I guess I shouldn’t worry. I’m sure old people said the same thing when radio was invented, or rock and roll. “Jesus Christ, Evelyn, would you look at these kids! These shiftless greasers! What’s going to become of this country?!” They soon found out, the rock and roll generation was just as useless when they grew up and took over as all of the previous generations. I sure thought my generation was going to change things – we grew up during the Vietnam war and hippies and equality man! We all hated wars, right? We were all feminists, right? But the first Presidential election I was eligible to vote in, my generation elected Ronald Reagan and voted down the Equal Rights Amendment for women. It’s as if we thought a return to Leave it to Beaver and putting women back into the kitchen where they belonged was the answer. In the end all the politicians my generation elected were the same, all of the so called leaders, just as idiotic and corrupt. All we did was perfect the mediocrity we inherited.
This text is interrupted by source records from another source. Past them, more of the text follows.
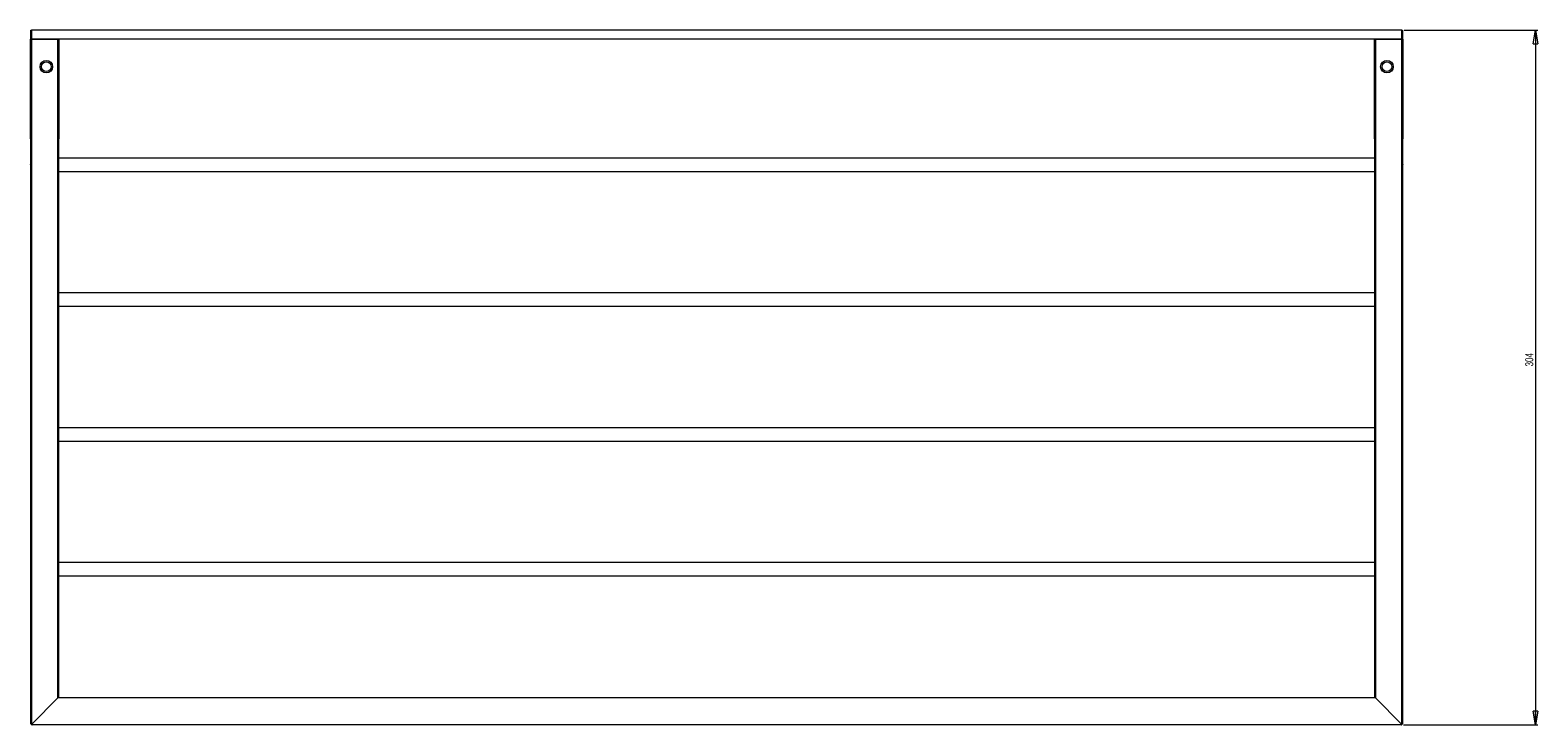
# Model space of a CAD drawing. Header units: millimetres. Extents: x -964 to 708, y -80 to 740.
# Tile 1 of 4: x -964 to -304, y -80 to 224. Entities that reach past the tile are written whole.
import ezdxf

# ---------------------------------------------------------------- set-up
doc = ezdxf.new("R2010")
doc.units = ezdxf.units.MM
doc.styles.add('SLDTEXTSTYLE0', font='TXT', dxfattribs={"width": 0.75})
doc.dimstyles.new('SLDDIMSTYLE0', dxfattribs={"dimtxt": 3.5, "dimasz": 6, "dimexe": 0, "dimexo": 0.0625, "dimgap": 0.875, "dimtad": 1, "dimtoh": 1, "dimrnd": 1e-09, "dimzin": 12, "dimdsep": 46, "dimtxsty": 'SLDTEXTSTYLE0', "dimblk1": 'CLOSED', "dimblk2": 'CLOSED', "dimsah": 1, "dimcen": 0.09, "dimadec": 0, "dimazin": 0, "dimtfac": 1, "dimtofl": 0, "dimtmove": 0, "dimatfit": 3, "dimldrblk": 'CLOSED', "dimfxl": 1, "dimfrac": 2, "dimtolj": 1, "dimtzin": 12, "dimarcsym": 0})

# ---------------------------------------------------------------- blocks, each defined once
blk = doc.blocks.new('_CLOSED')
at = {"color": 0, "linetype": 'ByBlock', "lineweight": -2}
for p, q in [((-1, 0.166667), (0, 0)), ((-1, 0.166667), (-1, -0.166667)), ((0, 0), (-1, -0.166667)), ((0, 0), (-1, 0))]:
    blk.add_line(p, q, dxfattribs=at)
blk = doc.blocks.new('*D3')
at = {"color": 7, "linetype": 'Continuous', "lineweight": 0}
for p, q in [((-362.61, 223.95), (-304.13, 223.95)), ((-305.13, 223.95), (-305.13, -80.05)), ((-362.9, -80.05), (-304.13, -80.05))]:
    blk.add_line(p, q, dxfattribs=at)
at = {"color": 7, "linetype": 'Continuous', "lineweight": 0, "xscale": 6, "yscale": 6}
for p, rotation in [((-305.13, 223.95, 50.6), 90), ((-305.13, -80.05, 50.6), 270)]:
    blk.add_blockref('_CLOSED', p, dxfattribs=dict(at, rotation=rotation))
at = {"color": 7, "linetype": 'Continuous', "lineweight": 0, "insert": (-309.65, 76.8), "char_height": 3.5, "attachment_point": 1, "rotation": 90, "style": 'SLDTEXTSTYLE0'}
blk.add_mtext('304', dxfattribs=at)

msp = doc.modelspace()

# ---------------------------------------------------------------- linework, layer by layer
at = {"color": 7, "linetype": 'Continuous', "lineweight": 15}
for p, q in [((-963.665, 219.946), (-963.665, 164.946)), ((-963.641, 178.846), (-963.641, 219.946)), ((-963.415, 223.946), (-963.215, 223.946)), ((-963.415, 219.946), (-963.415, 223.946)), ((-963.215, 219.946), (-963.415, 219.946)), ((-963.415, -79.571), (-963.415, 219.946)), ((-963.215, 223.946), (-963.215, 219.946)), ((-363.615, 223.946), (-963.215, 223.946)), ((-363.615, 219.946), (-963.215, 219.946)), ((-963.215, 219.946), (-963.215, -79.771)), ((-951.615, -68.254), (-951.615, 219.946)), ((-951.415, 219.946), (-951.415, -68.054)), ((-951.188, 219.946), (-951.188, 178.846)), ((-951.165, 167.946), (-951.165, 219.946)), ((-375.665, 219.946), (-375.665, 167.946)), ((-375.641, 178.846), (-375.641, 219.946)), ((-375.415, -68.054), (-375.415, 219.946)), ((-375.215, 219.946), (-375.215, -68.254)), ((-363.615, 219.946), (-363.615, 223.946)), ((-363.615, 223.946), (-363.415, 223.946)), ((-363.615, -79.771), (-363.615, 219.946)), ((-363.415, 219.946), (-363.615, 219.946)), ((-363.415, 223.946), (-363.415, 219.946)), ((-363.415, 219.946), (-363.415, -79.571)), ((-363.188, 219.946), (-363.188, 178.846)), ((-363.165, 164.946), (-363.165, 219.946)), ((-963.428, 176.346), (-963.615, 176.346)), ((-963.428, 165.42), (-963.428, 176.346)), ((-363.401, 176.346), (-363.401, 165.42)), ((-363.214, 176.346), (-363.401, 176.346)), ((-375.415, 167.946), (-951.415, 167.946)), ((-375.415, 161.946), (-951.415, 161.946)), ((-375.415, 108.946), (-951.415, 108.946)), ((-375.415, 102.946), (-951.415, 102.946)), ((-375.415, 49.946), (-951.415, 49.946)), ((-375.415, 43.946), (-951.415, 43.946)), ((-375.415, -9.054), (-951.415, -9.054)), ((-375.415, -15.054), (-951.415, -15.054)), ((-375.215, -68.254), (-951.615, -68.254)), ((-951.415, -68.054), (-375.415, -68.054)), ((-963.132, -79.854), (-363.698, -79.854)), ((-363.898, -80.054), (-962.932, -80.054))]:
    msp.add_line(p, q, dxfattribs=at)
at = {"color": 142, "linetype": 'Continuous', "lineweight": 0, "true_color": 0x0080c0}
for p, q in [((-963.641, 219.946), (-963.665, 219.946)), ((-963.641, 219.946), (-963.415, 219.946)), ((-963.415, 219.946), (-963.215, 219.946)), ((-963.215, 219.946), (-951.615, 219.946)), ((-375.215, 219.946), (-363.615, 219.946)), ((-363.615, 219.946), (-363.415, 219.946)), ((-363.415, 219.946), (-363.188, 219.946)), ((-363.165, 219.946), (-363.188, 219.946)), ((-951.415, 176.346), (-951.401, 176.346)), ((-951.214, 176.346), (-951.401, 176.346)), ((-375.428, 176.346), (-375.615, 176.346)), ((-375.428, 176.346), (-375.415, 176.346)), ((-963.428, 165.42), (-963.415, 165.42)), ((-363.415, 165.42), (-363.401, 165.42)), ((-951.615, -68.254), (-963.073, -79.712)), ((-951.615, -68.254), (-951.415, -68.054)), ((-951.415, -68.054), (-951.615, -68.254)), ((-375.215, -68.254), (-375.415, -68.054)), ((-375.415, -68.054), (-375.215, -68.254)), ((-363.756, -79.712), (-375.215, -68.254))]:
    msp.add_line(p, q, dxfattribs=at)
at = {"color": 8, "linetype": 'Continuous', "lineweight": 15}
for p, q in [((-963.415, 178.846), (-963.641, 178.846)), ((-951.415, 178.846), (-951.188, 178.846)), ((-375.415, 178.846), (-375.641, 178.846)), ((-363.415, 178.846), (-363.188, 178.846)), ((-963.428, 176.346), (-963.415, 176.346)), ((-951.401, 176.346), (-951.401, 176.736)), ((-951.401, 176.346), (-951.401, 167.946)), ((-375.428, 176.736), (-375.428, 176.346)), ((-375.428, 167.946), (-375.428, 176.346)), ((-363.415, 176.346), (-363.401, 176.346))]:
    msp.add_line(p, q, dxfattribs=at)
at = {"color": 8, "linetype": 'Continuous', "lineweight": 15, "flags": 128}
for points in [[(-963.415, 176.461), (-963.418, 176.444), (-963.428, 176.346)], [(-363.415, 176.461), (-363.411, 176.444), (-363.401, 176.346)]]:
    msp.add_lwpolyline(points, dxfattribs=at)
at = {"color": 142, "linetype": 'Continuous', "lineweight": 0, "true_color": 0x0080c0, "flags": 128}
for points in [[(-963.428, 165.42), (-963.418, 165.322), (-963.415, 165.306)], [(-363.415, 165.306), (-363.411, 165.322), (-363.401, 165.42)]]:
    msp.add_lwpolyline(points, dxfattribs=at)
at = {"color": 7, "linetype": 'Continuous', "lineweight": 15}
for centre, radius in [((-956.665, 207.946), 2.75), ((-956.665, 207.946), 2.1), ((-370.165, 207.946), 2.75), ((-370.165, 207.946), 2.1)]:
    msp.add_circle(centre, radius, dxfattribs=at)
for centre, start, end in [((-963.115, 176.346), 126.792058, 180.000602), ((-363.714, 176.346), 359.999398, 53.207942), ((-963.165, 164.946), 179.976383, 240), ((-363.665, 164.946), 300, 0.021126)]:
    msp.add_arc(centre, 0.5, start, end, dxfattribs=at)
at = {"color": 142, "linetype": 'Continuous', "lineweight": 0, "true_color": 0x0080c0}
for centre, radius, start, end in [((-951.714, 176.346), 0.5, 359.999398, 53.207942), ((-375.115, 176.346), 0.5, 126.792058, 180.000602), ((-963.215, -79.571), 0.2, 180, 270), ((-963.215, -79.571), 0.2, 270, 315), ((-962.932, -79.854), 0.2, 135, 180), ((-962.932, -79.854), 0.2, 180, 270), ((-363.898, -79.854), 0.2, 270, 0), ((-363.615, -79.571), 0.2, 225, 270), ((-363.898, -79.854), 0.2, 0, 45), ((-363.615, -79.571), 0.2, 270, 0)]:
    msp.add_arc(centre, radius, start, end, dxfattribs=at)
at = {"color": 7, "linetype": 'Continuous', "lineweight": 15}
for points, knots in [([(-963.615, 176.346), (-963.619, 176.346), (-963.623, 176.413), (-963.628, 176.6), (-963.63, 176.677), (-963.632, 176.86), (-963.634, 176.964), (-963.636, 177.194), (-963.637, 177.323), (-963.638, 177.594), (-963.639, 177.738), (-963.64, 178.041), (-963.641, 178.199), (-963.641, 178.519), (-963.641, 178.681), (-963.641, 178.846)], [0, 0, 0, 0, 0.25, 0.25, 0.375, 0.375, 0.5, 0.5, 0.625, 0.625, 0.75, 0.75, 0.875, 0.875, 1, 1, 1, 1]), ([(-951.188, 178.846), (-951.188, 178.516), (-951.189, 178.188), (-951.19, 177.737), (-951.191, 177.591), (-951.193, 177.318), (-951.194, 177.193), (-951.196, 176.962), (-951.197, 176.857), (-951.2, 176.676), (-951.201, 176.599), (-951.205, 176.474), (-951.206, 176.426), (-951.21, 176.362), (-951.212, 176.346), (-951.214, 176.346)], [0, 0, 0, 0, 0.25, 0.25, 0.375, 0.375, 0.5, 0.5, 0.625, 0.625, 0.75, 0.75, 0.875, 0.875, 1, 1, 1, 1]), ([(-375.615, 176.346), (-375.619, 176.346), (-375.623, 176.413), (-375.628, 176.6), (-375.63, 176.677), (-375.632, 176.86), (-375.634, 176.964), (-375.636, 177.194), (-375.637, 177.323), (-375.638, 177.594), (-375.639, 177.738), (-375.64, 178.041), (-375.641, 178.199), (-375.641, 178.519), (-375.641, 178.681), (-375.641, 178.846)], [0, 0, 0, 0, 0.25, 0.25, 0.375, 0.375, 0.5, 0.5, 0.625, 0.625, 0.75, 0.75, 0.875, 0.875, 1, 1, 1, 1]), ([(-363.188, 178.846), (-363.188, 178.516), (-363.189, 178.188), (-363.19, 177.737), (-363.191, 177.591), (-363.193, 177.318), (-363.194, 177.193), (-363.196, 176.962), (-363.197, 176.857), (-363.2, 176.676), (-363.201, 176.599), (-363.205, 176.474), (-363.206, 176.426), (-363.21, 176.362), (-363.212, 176.346), (-363.214, 176.346)], [0, 0, 0, 0, 0.25, 0.25, 0.375, 0.375, 0.5, 0.5, 0.625, 0.625, 0.75, 0.75, 0.875, 0.875, 1, 1, 1, 1]), ([(-963.665, 164.947), (-963.665, 164.946), (-963.744, 164.789), (-963.586, 165.104), (-963.428, 165.42)], [0, 0, 0, 0, 0.0004488, 1, 1, 1, 1]), ([(-363.401, 165.42), (-363.244, 165.104), (-363.086, 164.789), (-363.165, 164.946), (-363.165, 164.947)], [0, 0, 0, 0, 0.9995512, 1, 1, 1, 1])]:
    msp.add_open_spline(points, degree=3, knots=knots, dxfattribs=at)

# ---------------------------------------------------------------- dimensions: what is measured, and where the dimension line sits
at = {"color": 7, "linetype": 'Continuous', "lineweight": 0}
dim = msp.add_linear_dim(base=(-305.135, -80.054), p1=(-363.615, 223.946), p2=(-363.898, -80.054), angle=90, dimstyle='SLDDIMSTYLE0', dxfattribs=at)
dim.commit()
dim.dimension.update_dxf_attribs({"geometry": '*D3', "text_midpoint": (-305.135, 80.664), "dimtype": 160})

doc.saveas('drawing.dxf')

That election of Reagan did two things, it inspired the second generation of punk rock, gave them something to be against, and it set us down the path of polarization that lead to where we are now. How did that happen? Well, if you’re old enough you might remember that discussions about politics on TV and radio used to seem a lot more balanced. That’s because we had something called “equal time,” which was a rule that said if you gave half an hour to a conservative nutbag you also had to give a half an hour to an opposing liberal nutbag. That effectively prevented us from having something as biased and agenda-driven as Fox News. You couldn’t have Fox News because half of the time it would have had to be opposing viewpoints. But the Reagan administration put an end to that equal time rule, and what we ended up with is the toxic and moronic political discussion – quote unquote – that we have now.

Ah, but I digress yet again. A few years ago there were a lot of articles about trolls on mainstream websites and they all asked the same questions in the final paragraph: “what can we do?” “when will the Internet be free of trolls?” the answer to that is easy: we won’t have trolls when we take all the humans off the Internet. Or when the Internet dies somehow and we’re all faced with ourselves again, minus selfies and car key locator apps.

I don’t see that happening any time soon. In the meantime all we can do is look up and watch the unlikely seagulls fly past. And try to be more kind to each other.